L’écriture en acte de Jenny Holzer

Affichage, dessin, peinture, sculpture, installation, photographie, projection… Si elle revêt une grande variété de modes d’expression, la pratique de Jenny Holzer s’articule toute entière autour du langage, de ses représentations et des fonctions de communication comme de coercition et de contrôle qui le caractérisent. S’inscrivant dans une possible suite de l’art conceptuel, l’artiste américaine partage depuis plus de 40 ans sa vision inquiète du monde, invitant le public à réfléchir, débattre et, surtout, (ré)agir. Pour elle, l’art a le devoir d’être utile. Violence, injustice, sexe, mort, pouvoir et abus de pouvoir sont parmi les thèmes récurrents qu’elle aborde sans détour, parfois avec humour, souvent avec tendresse. Présentée actuellement au Musée Guggenheim de Bilbao, l’exposition Thing Indescribable (L’indescriptible) revient sur l’ensemble de sa carrière, depuis les premiers posters placardés sur les murs de New York dans les années 1970 jusqu’aux peintures et installations électroniques et robotisées les plus récentes, pour certaines imaginées spécifiquement pour entrer en résonnance avec l’architecture pensée par Frank Gehry. « Il ne s’agit pas d’une rétrospective, tient à préciser Petra Joos, commissaire de l’exposition, car Jenny ne regarde pas vraiment en arrière ; elle s’inscrit dans le présent et s’intéresse au devenir de ce monde. »

Jenny Holzer. A l’arrière-plan, Essais inflammatoires (détail).

« Je trouve le monde d’aujourd’hui particulièrement difficile.
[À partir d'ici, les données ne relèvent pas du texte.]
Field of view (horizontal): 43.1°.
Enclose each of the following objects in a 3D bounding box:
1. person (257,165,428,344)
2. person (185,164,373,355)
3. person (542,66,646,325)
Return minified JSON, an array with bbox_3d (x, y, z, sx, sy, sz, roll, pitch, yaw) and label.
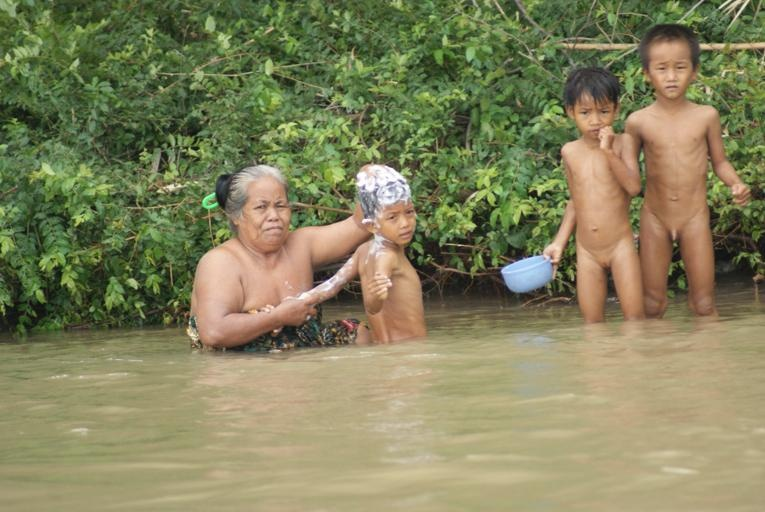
[{"bbox_3d":[-0.083,0.012,6.803,0.552,1.274,0.576,5,18,31],"label":"person"},{"bbox_3d":[-0.716,0.022,7.103,1.658,1.201,1.093,2,14,-32],"label":"person"},{"bbox_3d":[1.600,-0.461,7.262,0.729,1.884,0.568,2,17,25],"label":"person"}]

Je m’efforce donc de transmettre, avec application, tout ce que j’ai pu apprendre, trouver, comprendre, au cas où d’autres puissent s’en servir, pas seulement pour améliorer les choses, mais peut-être apporter de véritables solutions. » Qu’ils soient imprimés sur du papier ou un tee-shirt, gravés dans la pierre, dessinés sur la toile, collés sur un camion, projetés à même un paysage ou diffusés via des LED, les courts textes mis en scène par Jenny Holzer, écrits de sa main, empruntés à des poètes, des philosophes ou extraits de témoignages recueillis auprès de ses contemporains, ont toujours eu pour objectif de toucher, et d’impliquer, le plus grand nombre possible. Abordant inlassablement depuis ses débuts des sujets complexes, tels la mort, la guerre, la violence, l’artiste a à cœur de déconstruire les discours idéologiques dominants tout en jouant sur les mêmes ressorts que ceux qui les relaient, à l’image d’une efficacité visuelle et d’un sens de la formule habituellement caractéristiques des médias et des publicitaires. « J’ai eu une enfance difficile, souligne sobrement l’artiste. De ce fait, je crois avoir acquis une réelle faculté de comprendre ce qui arrive aux autres, d’y être sensible. Je ressens également une certaine urgence à apporter de l’aide là où je le peux, à mon niveau. J’ai réussi à me débarrasser des mauvais souvenirs, du poids, mais peut-être les ai-je transférés dans mon travail. C’était une façon d’en faire quelque chose, car en être juste conscient ne sert à rien. »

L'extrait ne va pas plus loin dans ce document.